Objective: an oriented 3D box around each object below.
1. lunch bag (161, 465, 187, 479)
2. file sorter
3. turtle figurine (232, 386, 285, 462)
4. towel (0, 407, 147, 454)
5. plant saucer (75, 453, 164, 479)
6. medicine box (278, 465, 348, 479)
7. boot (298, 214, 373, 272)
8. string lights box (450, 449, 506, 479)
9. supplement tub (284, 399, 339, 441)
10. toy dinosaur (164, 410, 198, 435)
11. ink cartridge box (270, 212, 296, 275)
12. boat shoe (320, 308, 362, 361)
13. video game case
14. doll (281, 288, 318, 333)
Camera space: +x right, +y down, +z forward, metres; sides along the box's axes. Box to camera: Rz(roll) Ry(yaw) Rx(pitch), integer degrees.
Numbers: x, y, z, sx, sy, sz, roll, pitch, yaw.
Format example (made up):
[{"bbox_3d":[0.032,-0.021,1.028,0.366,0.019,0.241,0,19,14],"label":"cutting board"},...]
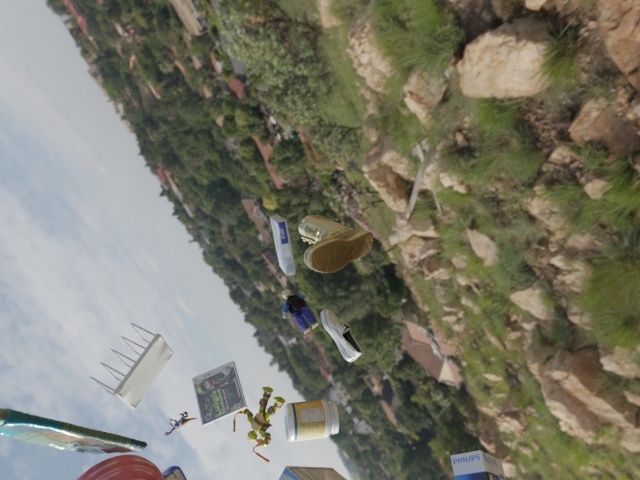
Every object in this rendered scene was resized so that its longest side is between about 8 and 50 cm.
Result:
[{"bbox_3d":[-0.609,1.073,1.674,0.328,0.238,0.386,25,-110,-81],"label":"lunch bag"},{"bbox_3d":[-0.793,0.521,1.939,0.172,0.278,0.193,19,147,17],"label":"file sorter"},{"bbox_3d":[-0.216,0.686,1.750,0.087,0.218,0.269,29,180,-40],"label":"turtle figurine"},{"bbox_3d":[-0.670,0.493,1.164,0.370,0.271,0.040,39,-135,-39],"label":"towel"},{"bbox_3d":[-0.584,0.791,1.307,0.084,0.332,0.332,5,131,44],"label":"plant saucer"},{"bbox_3d":[0.039,0.688,1.108,0.263,0.149,0.289,24,169,35],"label":"medicine box"},{"bbox_3d":[0.000,0.000,1.325,0.203,0.261,0.095,24,121,36],"label":"boot"},{"bbox_3d":[0.360,0.594,0.968,0.133,0.076,0.260,38,-143,-40],"label":"string lights box"},{"bbox_3d":[-0.037,0.711,1.828,0.144,0.199,0.145,178,90,-77],"label":"supplement tub"},{"bbox_3d":[-0.437,0.568,1.414,0.090,0.082,0.047,25,180,3],"label":"toy dinosaur"},{"bbox_3d":[-0.161,0.011,1.890,0.224,0.045,0.224,-143,43,-72],"label":"ink cartridge box"},{"bbox_3d":[0.098,0.417,2.098,0.096,0.088,0.268,1,-128,-50],"label":"boat shoe"},{"bbox_3d":[-0.384,0.574,1.743,0.022,0.173,0.191,75,171,-57],"label":"video game case"},{"bbox_3d":[-0.091,0.267,1.786,0.189,0.129,0.046,53,160,18],"label":"doll"}]

▬▬▬▬▬▬▬▬▬▬

__The problem__:
Give again, exactly, the lines from the start of the data through the one holding "Every object in"; omit the pictures.

__Problem solution__:
Objective: an oriented 3D box around each object below.
1. lunch bag (161, 465, 187, 479)
2. file sorter
3. turtle figurine (232, 386, 285, 462)
4. towel (0, 407, 147, 454)
5. plant saucer (75, 453, 164, 479)
6. medicine box (278, 465, 348, 479)
7. boot (298, 214, 373, 272)
8. string lights box (450, 449, 506, 479)
9. supplement tub (284, 399, 339, 441)
10. toy dinosaur (164, 410, 198, 435)
11. ink cartridge box (270, 212, 296, 275)
12. boat shoe (320, 308, 362, 361)
13. video game case
14. doll (281, 288, 318, 333)
Camera space: +x right, +y down, +z forward, metres; sides along the box's axes. Box to camera: Rz(roll) Ry(yaw) Rx(pitch), integer degrees.
Numbers: x, y, z, sx, sy, sz, roll, pitch, yaw.
Format example (made up):
[{"bbox_3d":[0.032,-0.021,1.028,0.366,0.019,0.241,0,19,14],"label":"cutting board"},...]
Every object in this rendered scene was resized so that its longest side is between about 8 and 50 cm.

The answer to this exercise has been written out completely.